*DIRECTIONS FOR THIS TASK*: From the records below, extract only the lines running from the line with "This screenshot has height=1232, width=953. Task: Click" to the line with "Point to the block starting", both lines included, reproducing them exactly.

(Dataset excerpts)

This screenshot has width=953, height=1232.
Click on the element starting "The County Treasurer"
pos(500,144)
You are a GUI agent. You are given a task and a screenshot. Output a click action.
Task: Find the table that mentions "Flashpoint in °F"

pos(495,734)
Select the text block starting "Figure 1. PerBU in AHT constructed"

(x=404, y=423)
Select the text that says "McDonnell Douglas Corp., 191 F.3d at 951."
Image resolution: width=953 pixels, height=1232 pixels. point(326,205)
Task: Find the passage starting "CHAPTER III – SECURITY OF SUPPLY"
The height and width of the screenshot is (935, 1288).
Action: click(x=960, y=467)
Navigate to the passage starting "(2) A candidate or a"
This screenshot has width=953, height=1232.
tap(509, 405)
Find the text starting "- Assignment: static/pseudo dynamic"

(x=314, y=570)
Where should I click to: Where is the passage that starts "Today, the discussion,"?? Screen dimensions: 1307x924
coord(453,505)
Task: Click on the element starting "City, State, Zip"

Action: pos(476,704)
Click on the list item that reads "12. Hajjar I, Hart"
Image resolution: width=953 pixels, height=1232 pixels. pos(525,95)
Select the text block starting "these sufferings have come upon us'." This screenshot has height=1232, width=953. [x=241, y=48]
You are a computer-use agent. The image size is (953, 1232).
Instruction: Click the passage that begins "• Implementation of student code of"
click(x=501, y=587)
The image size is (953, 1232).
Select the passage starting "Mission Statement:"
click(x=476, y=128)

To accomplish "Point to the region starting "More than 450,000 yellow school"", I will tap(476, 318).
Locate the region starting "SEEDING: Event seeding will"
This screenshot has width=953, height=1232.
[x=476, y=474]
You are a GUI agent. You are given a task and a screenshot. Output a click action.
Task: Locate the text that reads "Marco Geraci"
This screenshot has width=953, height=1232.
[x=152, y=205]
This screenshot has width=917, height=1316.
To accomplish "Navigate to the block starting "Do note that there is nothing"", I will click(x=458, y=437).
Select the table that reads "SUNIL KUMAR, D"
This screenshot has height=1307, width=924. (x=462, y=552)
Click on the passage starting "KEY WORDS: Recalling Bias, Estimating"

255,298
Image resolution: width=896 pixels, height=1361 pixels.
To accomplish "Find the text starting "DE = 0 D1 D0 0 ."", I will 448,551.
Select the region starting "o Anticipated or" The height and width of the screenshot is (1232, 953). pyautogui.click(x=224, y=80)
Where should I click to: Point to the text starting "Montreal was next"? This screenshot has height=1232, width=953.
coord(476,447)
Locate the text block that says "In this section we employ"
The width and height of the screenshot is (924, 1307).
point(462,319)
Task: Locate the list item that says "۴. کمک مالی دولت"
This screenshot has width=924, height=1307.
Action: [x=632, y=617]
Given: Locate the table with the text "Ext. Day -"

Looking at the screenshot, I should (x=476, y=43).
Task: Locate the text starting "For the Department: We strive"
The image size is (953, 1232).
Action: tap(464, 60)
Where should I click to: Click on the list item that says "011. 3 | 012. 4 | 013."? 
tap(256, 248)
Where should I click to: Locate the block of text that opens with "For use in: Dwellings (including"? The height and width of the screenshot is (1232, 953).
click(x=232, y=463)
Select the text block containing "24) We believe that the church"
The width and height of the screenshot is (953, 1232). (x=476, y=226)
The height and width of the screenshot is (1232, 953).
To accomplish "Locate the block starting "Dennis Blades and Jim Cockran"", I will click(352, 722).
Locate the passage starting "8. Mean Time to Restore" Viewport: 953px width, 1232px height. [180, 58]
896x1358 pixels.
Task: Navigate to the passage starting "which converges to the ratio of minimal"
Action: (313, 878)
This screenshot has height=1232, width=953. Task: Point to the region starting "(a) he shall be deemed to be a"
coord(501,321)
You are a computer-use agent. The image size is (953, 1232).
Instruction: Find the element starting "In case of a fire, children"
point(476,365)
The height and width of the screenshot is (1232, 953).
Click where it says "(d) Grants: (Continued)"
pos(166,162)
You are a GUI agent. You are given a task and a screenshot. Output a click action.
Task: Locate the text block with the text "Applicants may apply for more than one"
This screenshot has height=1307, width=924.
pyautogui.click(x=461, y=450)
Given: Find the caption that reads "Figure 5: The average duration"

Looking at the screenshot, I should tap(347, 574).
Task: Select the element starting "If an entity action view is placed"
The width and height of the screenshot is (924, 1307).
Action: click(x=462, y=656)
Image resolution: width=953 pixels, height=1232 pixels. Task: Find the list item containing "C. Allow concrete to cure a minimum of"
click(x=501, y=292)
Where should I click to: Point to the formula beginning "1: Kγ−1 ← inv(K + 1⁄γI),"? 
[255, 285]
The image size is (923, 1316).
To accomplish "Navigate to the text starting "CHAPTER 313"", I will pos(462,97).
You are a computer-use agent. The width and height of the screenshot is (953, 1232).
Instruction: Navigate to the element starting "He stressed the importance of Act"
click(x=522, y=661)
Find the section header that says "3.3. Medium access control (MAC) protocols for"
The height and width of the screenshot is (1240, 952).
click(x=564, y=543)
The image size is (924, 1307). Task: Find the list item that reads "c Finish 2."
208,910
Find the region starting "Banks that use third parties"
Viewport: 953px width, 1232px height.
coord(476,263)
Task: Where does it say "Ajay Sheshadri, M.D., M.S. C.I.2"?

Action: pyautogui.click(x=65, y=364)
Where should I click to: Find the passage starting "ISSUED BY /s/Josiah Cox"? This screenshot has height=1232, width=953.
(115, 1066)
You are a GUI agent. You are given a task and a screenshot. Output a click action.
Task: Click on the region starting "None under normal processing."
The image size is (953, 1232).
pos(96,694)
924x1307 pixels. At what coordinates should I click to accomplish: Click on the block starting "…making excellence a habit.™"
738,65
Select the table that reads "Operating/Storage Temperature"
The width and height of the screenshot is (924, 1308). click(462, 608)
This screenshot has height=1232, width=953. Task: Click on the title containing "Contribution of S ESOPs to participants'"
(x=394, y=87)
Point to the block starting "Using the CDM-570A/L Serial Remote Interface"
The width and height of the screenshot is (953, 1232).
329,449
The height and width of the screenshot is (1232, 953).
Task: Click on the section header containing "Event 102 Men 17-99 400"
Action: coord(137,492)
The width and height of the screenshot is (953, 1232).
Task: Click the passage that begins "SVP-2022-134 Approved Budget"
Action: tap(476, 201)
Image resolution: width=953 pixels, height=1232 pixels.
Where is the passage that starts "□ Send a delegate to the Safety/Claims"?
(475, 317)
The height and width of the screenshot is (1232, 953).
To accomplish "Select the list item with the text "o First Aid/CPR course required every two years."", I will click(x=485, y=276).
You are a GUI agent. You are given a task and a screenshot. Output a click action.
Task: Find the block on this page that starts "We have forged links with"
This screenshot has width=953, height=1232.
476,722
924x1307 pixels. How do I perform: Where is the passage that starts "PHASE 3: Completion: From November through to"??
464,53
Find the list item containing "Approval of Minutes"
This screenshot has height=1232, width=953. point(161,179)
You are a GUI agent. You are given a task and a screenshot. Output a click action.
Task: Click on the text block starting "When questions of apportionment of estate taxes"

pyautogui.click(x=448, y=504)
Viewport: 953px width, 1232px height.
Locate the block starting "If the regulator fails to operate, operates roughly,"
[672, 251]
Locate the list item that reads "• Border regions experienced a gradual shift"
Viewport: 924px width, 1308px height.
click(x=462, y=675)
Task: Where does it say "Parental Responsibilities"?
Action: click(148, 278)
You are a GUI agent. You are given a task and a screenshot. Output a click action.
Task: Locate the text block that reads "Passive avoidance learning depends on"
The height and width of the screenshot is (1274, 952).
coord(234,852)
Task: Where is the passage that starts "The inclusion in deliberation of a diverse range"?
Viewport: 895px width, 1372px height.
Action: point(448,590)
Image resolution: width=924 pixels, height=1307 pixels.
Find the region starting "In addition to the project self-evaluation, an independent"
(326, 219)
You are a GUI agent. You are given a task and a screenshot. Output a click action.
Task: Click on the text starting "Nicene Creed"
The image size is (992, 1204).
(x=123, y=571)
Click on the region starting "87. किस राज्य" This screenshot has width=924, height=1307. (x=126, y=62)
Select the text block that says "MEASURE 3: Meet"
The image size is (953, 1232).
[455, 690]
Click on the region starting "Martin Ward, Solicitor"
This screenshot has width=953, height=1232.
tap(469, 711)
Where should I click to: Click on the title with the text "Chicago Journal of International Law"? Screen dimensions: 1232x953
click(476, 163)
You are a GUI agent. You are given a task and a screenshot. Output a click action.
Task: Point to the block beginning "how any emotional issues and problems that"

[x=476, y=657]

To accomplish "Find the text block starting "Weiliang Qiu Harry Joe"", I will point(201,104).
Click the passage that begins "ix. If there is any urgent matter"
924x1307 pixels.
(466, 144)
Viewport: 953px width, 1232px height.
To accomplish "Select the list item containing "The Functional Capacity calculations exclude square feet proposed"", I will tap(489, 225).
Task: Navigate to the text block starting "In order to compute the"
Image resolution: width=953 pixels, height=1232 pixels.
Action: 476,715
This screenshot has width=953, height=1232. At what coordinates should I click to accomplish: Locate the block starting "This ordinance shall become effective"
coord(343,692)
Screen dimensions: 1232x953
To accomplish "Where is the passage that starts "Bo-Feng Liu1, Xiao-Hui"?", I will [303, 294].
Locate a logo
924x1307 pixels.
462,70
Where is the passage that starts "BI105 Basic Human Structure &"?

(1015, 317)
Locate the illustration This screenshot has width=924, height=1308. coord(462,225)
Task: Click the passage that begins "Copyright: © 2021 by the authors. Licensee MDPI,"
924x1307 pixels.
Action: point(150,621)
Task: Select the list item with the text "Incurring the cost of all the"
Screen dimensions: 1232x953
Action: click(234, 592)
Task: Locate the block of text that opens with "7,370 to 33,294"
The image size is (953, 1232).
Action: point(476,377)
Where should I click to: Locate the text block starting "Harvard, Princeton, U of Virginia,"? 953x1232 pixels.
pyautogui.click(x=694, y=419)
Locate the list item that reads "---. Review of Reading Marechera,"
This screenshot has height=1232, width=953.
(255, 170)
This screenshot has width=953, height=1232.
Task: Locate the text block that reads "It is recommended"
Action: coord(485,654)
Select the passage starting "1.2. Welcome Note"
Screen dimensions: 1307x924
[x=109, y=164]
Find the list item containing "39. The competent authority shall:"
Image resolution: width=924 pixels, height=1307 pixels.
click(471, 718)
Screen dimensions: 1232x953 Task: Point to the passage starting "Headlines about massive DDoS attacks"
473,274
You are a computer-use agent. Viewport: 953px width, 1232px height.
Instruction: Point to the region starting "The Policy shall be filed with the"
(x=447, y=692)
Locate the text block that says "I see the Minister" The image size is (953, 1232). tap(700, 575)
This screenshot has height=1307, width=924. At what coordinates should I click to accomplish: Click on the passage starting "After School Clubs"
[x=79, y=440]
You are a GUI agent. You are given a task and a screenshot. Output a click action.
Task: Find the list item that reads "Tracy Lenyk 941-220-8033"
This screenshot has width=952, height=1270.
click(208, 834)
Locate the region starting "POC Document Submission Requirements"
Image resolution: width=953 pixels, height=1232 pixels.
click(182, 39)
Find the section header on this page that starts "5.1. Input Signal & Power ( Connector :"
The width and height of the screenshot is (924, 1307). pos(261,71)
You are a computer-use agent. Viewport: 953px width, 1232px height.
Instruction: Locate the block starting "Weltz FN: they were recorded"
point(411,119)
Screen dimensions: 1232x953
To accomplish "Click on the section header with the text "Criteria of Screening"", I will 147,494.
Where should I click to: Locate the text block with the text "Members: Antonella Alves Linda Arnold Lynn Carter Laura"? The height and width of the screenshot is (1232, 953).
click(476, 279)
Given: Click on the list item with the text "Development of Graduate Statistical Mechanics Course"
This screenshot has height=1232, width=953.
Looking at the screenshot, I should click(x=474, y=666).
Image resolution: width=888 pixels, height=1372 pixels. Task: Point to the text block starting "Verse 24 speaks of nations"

*SOLUTION TO THE PROBLEM*:
This screenshot has height=1232, width=953. Task: Click on the title containing "Contribution of S ESOPs to participants'"
(x=394, y=87)
Point to the block starting "Using the CDM-570A/L Serial Remote Interface"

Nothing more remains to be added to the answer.